Therefore, to ensure that the alignment position of P and T (pointer i) is never reversed without missing any possible matches, the largest t in Set N (P, j) should be selected

That is, when there are multiple right-shift scenarios to be tempted, it is prudent to choose the shortest moving distance

So, if you make

NEXT[J] = max (N (P, J))

P[J] and T[i] mismatch, you can turn p[Next[j]] and t[i] to each other, and starting from this position to continue the next round of alignment

Since the set N (P, J) depends only on the pattern string p and the mismatch position J, and is independent of the text string, as the largest element, Next[j] must also have this property

Therefore, for any mode string P, it is advisable to pre-process all position J to calculate the corresponding next[j] value, and organized into a table for later repeated query

That is, to turn "memory" into "predictive power."

(3) KMP algorithm

Knuth and Pratt Apprentice, and Morris almost simultaneously invented the algorithm

They later co-branded the algorithm and named it with the initials of their surname

Here, it is assumed that the Next table of the pattern string P can be constructed by Build_next ()

Against the "Brute Force matching algorithm (version 1)", only the other branch of the mismatch is handled differently, which is the essence of the KMP algorithm

BOOL Match (char* P, char *t)//KMP main algorithm (for improved version) {    build_next (p);    int n = strlen (T);  Text string length    int m = strlen (P);  Pattern string length    int i = 0, j = 0;    while (J < m && I < n) {    //from left to right one-by-one characters        if (J < 0 | | T[i] = = P[j]) {     //if matched, or P has moved out of the leftmost (two order of judgement is not exchangeable)            ++i;                Then go to the next character            ++j;        } else {            j = next[j];        The pattern string moves right (note: The text string does not have to be rolled back)}    }    if (I-j < n-m+1) {  //i-j < n-m + 1 o'clock; otherwise mismatch        return true;    }    return false;}

(4) Next[0] = 1

It is not difficult to see, as long as J > 0 must have 0∈n (P, J)

At this point N (P, j) is not NULL, which guarantees that the "Maximum value" operation is possible

But conversely, if j = 0, even if the set N (P, j) can be defined, it must be an empty

In this case, how to define NEXT[J = 0]?

The process of cross-viewing matching

If the first pair of characters is mismatch in a round of comparisons, you should move P directly to the right one character and then start the next round of comparison

Therefore, it might be advisable to "append" a p[-1] to the left of P[0], and the character matches any character.

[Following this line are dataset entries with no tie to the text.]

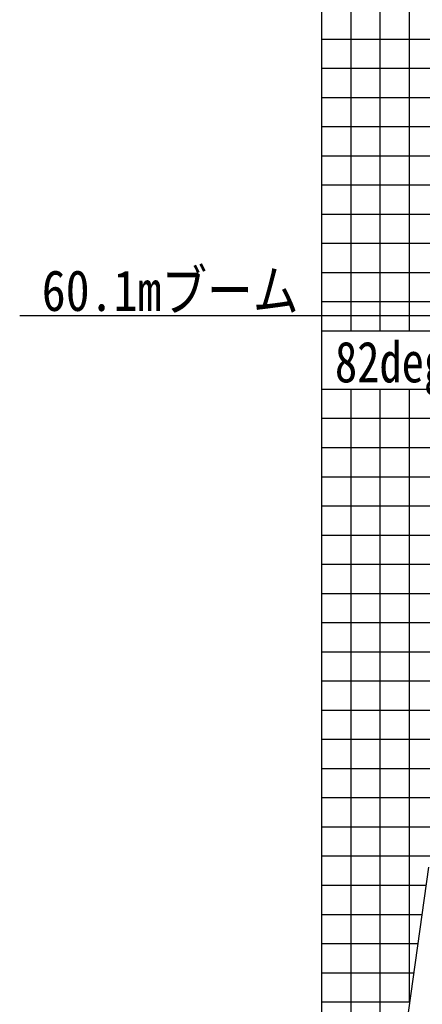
# Model space of a CAD drawing. Extents: x -390590 to 48051, y -92424 to 51651.
# Tile 20 of 37: x -223874 to -210084, y -38312 to -4567. Entities that reach past the tile are written whole.
import ezdxf

# ---------------------------------------------------------------- set-up
doc = ezdxf.new("R2010")
doc.units = 0
doc.layers.get('0').update_dxf_attribs({"linetype": 'CONTINUOUS'})

msp = doc.modelspace()

# ---------------------------------------------------------------- linework, layer by layer
at = {"color": 14, "linetype": 'Continuous'}
for p, q in [((-213522.596892, -58949.073282), (-213522.596892, 31771.197759)), ((-213522.596892, -8228.802241), (-206444.670124, -8228.802241)), ((-213522.596892, -13228.802241), (-207152.417687, -13228.802241)), ((-213522.596892, -18228.802241), (-207632.103644, -18228.802241)), ((-213522.596892, -23228.802241), (-208334.807817, -23228.802241)), ((-213522.596892, -28228.802241), (-209071.846411, -28228.802241)), ((-213522.596892, -33228.802241), (-209774.550585, -33228.802241)), ((-213522.596892, -38228.802241), (-210521.687394, -38228.802241))]:
    msp.add_line(p, q, dxfattribs=at)
at = {"color": 252, "linetype": 'Continuous'}
for p, q in [((-212522.596892, -15228.802241), (-212522.596892, 31771.197759)), ((-211522.596892, -15228.802241), (-211522.596892, 31771.197759)), ((-210522.596892, -15228.802241), (-210522.596892, 31771.197759)), ((-213522.596892, -5228.802241), (-206023.0476, -5228.802241)), ((-213522.596892, -6228.802241), (-206163.588441, -6228.802241)), ((-213522.596892, -7228.802241), (-206304.129283, -7228.802241)), ((-213522.596892, -9228.802241), (-206585.210966, -9228.802241)), ((-213522.596892, -10228.802241), (-206725.751808, -10228.802241)), ((-213522.596892, -11228.802241), (-206866.292649, -11228.802241)), ((-213522.596892, -12228.802241), (-207006.833491, -12228.802241)), ((-213522.596892, -14228.802241), (-207340.404555, -14228.802241)), ((-213522.596892, -15228.802241), (-207210.48114, -15228.802241)), ((-213522.596892, -17228.802241), (-207491.562809, -17228.802241)), ((-212522.596892, -51842.298692), (-212522.596892, -17228.802241)), ((-211522.596892, -45027.305037), (-211522.596892, -17228.802241)), ((-210522.596892, -38235.273658), (-210522.596892, -17228.802241)), ((-213522.596892, -19228.802241), (-207772.644479, -19228.802241)), ((-213522.596892, -20228.802241), (-207913.185313, -20228.802241)), ((-213522.596892, -21228.802241), (-208053.726148, -21228.802241)), ((-213522.596892, -22228.802241), (-208194.266983, -22228.802241)), ((-213522.596892, -24228.802241), (-208601.577139, -24228.802241)), ((-213522.596892, -25228.802241), (-208650.223907, -25228.802241)), ((-213522.596892, -26228.802241), (-208790.764742, -26228.802241)), ((-213522.596892, -27228.802241), (-208931.305576, -27228.802241)), ((-213522.596892, -29228.802241), (-209212.387246, -29228.802241)), ((-213522.596892, -30228.802241), (-209352.928081, -30228.802241)), ((-213522.596892, -31228.802241), (-209493.468915, -31228.802241)), ((-213522.596892, -32228.802241), (-209634.00975, -32228.802241)), ((-213522.596892, -34228.802241), (-209959.524055, -34228.802241)), ((-213522.596892, -35228.802241), (-210100.064889, -35228.802241)), ((-213522.596892, -36228.802241), (-210240.605724, -36228.802241)), ((-213522.596892, -37228.802241), (-210381.146559, -37228.802241))]:
    msp.add_line(p, q, dxfattribs=at)
at = {"color": 7, "linetype": 'Continuous'}
msp.add_line((-207341.428586, -14721.362667), (-223874.224917, -14721.362667), dxfattribs=at)
at = {"color": 151, "linetype": 'Continuous'}
msp.add_line((-209872.373017, -33608.690383), (-211138.15254, -42615.179676), dxfattribs=at)

# ---------------------------------------------------------------- texts
at = {"color": 7, "linetype": 'Continuous', "char_height": 1400, "attachment_point": 1}
for s, insert in [('\\W0.860642;\\A1;60.1mブーム', (-223118.612747, -13148.443188)), ('\\W0.799680;\\A1;82deg', (-213075.462679, -15596.161104))]:
    msp.add_mtext(s, dxfattribs=dict(at, insert=insert))

doc.saveas('drawing.dxf')

As far as the actual effect is concerned, this approach is entirely equivalent to "next[0" =-1 "

Clever use of Sentinel, can

-Simplified Code

-Unified Understanding

(5) Next[j + 1]
So, if you know Next[0, j], how can I recursively calculate next[j + 1]?

Is there an efficient method?


The next candidate for Next[j + 1] is defined by the function of the next table, which should be next[Next[j]] + 1,
next[next[Next[j]] + 1, ...


Therefore, simply replacing t (even if T = Next[t]) with next[t], you can traverse these candidates in order of precedence

Once found P[j] and P[t] Match (with p[t =-1] of the wildcard), you can make Next[j + 1] = Next[t] + 1

Since there is always next[t] < T, the t must be strictly reduced in this process

At the same time, even if T drops to 0, it is bound to end in the next[0] = 1 of the pass, without underflow

Thus, the correctness of the algorithm can guarantee

(6) Construct next table

void Build_next (char* p)    //Construction mode string P Next table {    int m = strlen (P);    int j = 0;  "Main" string pointer    int t = next[0] =-1;      Pattern string pointer while    (J < m-1) {        if (T < 0 | | P[J] = = P[t]) {    //matching            ++j;            ++t;            NEXT[J] = t;   This sentence can be improved ...        } else {    //mismatch            t = next[t];}        }    }

It can be seen that the next table's construction algorithm is almost identical to the KMP algorithm.

In fact, according to the above analysis, this construction process is completely equivalent to the pattern string self-matching, so two algorithms in formal approximation is not surprising

(7) Performance analysis

To do this, be aware of the variables I and J used as character pointers in the KMP algorithm

If k = 2i-j and examine the change trend of k in the process of KMP algorithm, it is not difficult to find:

While loops, K is strictly incremented for each iteration

In fact, there are only two cases that correspond to the If-else branch inside the while loop:

If a branch is transferred, I and J add one at the same time, so k = 2i-j will increase

Conversely, if it is transferred to the Else branch, then although I remains unchanged, J must decrease after the assignment J = Next[j], and k = 2i-j will inevitably increase

Throughout the process of the algorithm:

Start with i = j = 0, that is, k = 0, at the end of the algorithm i≤n and j≥0, so there is k≤2n

During this period, although the integer k starts from 0, the cumulative increase does not exceed 2n, so the while loop executes at most 2n wheels

In addition, the while loop body does not contain any loops or calls, so only O (1) Time

Therefore, if the time required to construct the next table is not counted, the KMP algorithm itself will not run more than O (n)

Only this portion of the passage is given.